> Goal of the exercise:
What lines below hold the string "pedestrian"? Copy them all.

== Record set ==

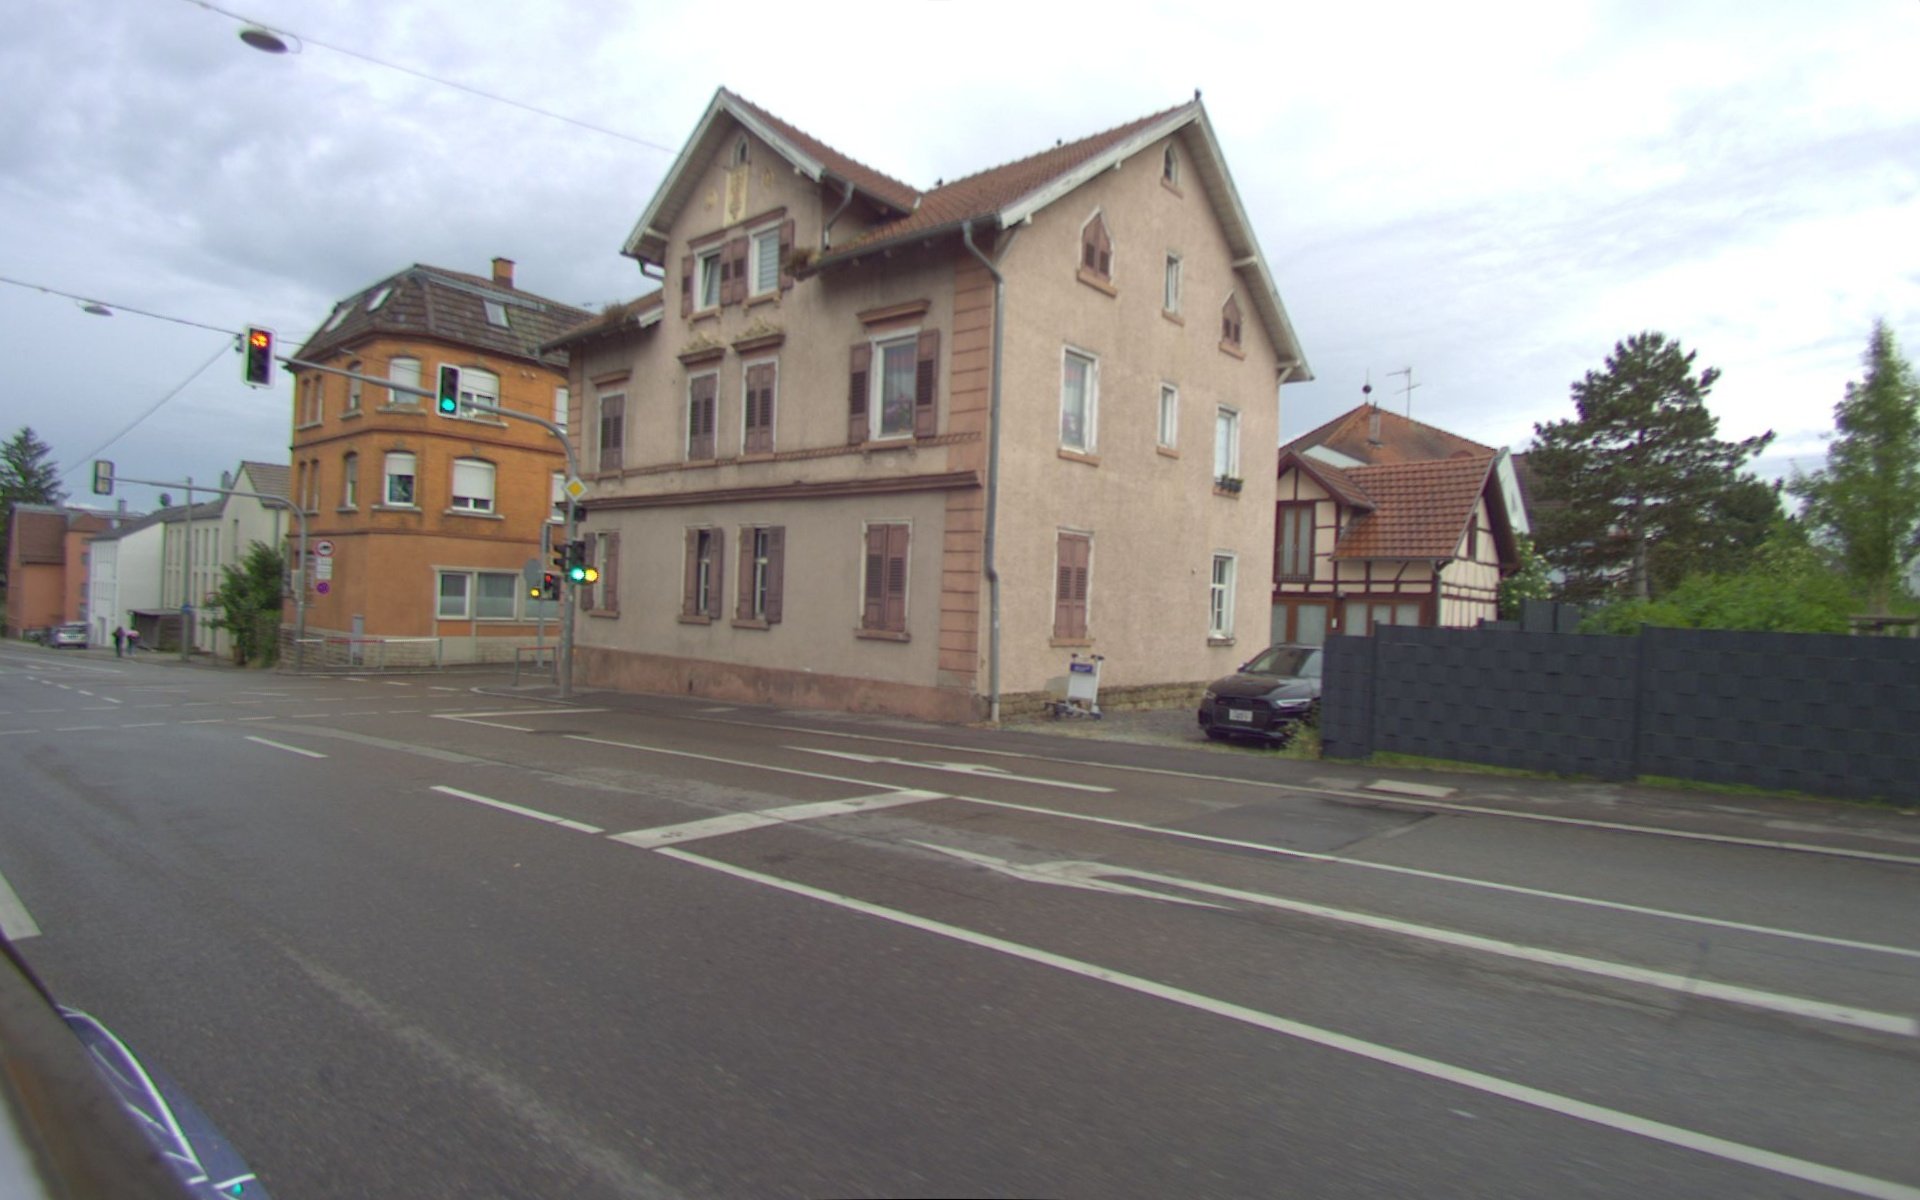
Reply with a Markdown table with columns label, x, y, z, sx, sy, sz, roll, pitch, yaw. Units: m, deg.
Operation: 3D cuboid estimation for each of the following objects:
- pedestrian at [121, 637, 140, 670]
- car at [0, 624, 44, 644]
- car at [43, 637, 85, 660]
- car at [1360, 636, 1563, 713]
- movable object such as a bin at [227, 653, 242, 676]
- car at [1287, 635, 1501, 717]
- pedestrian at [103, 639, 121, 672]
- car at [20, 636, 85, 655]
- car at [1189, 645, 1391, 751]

===

> Result of this task:
- pedestrian at [121, 637, 140, 670]
- pedestrian at [103, 639, 121, 672]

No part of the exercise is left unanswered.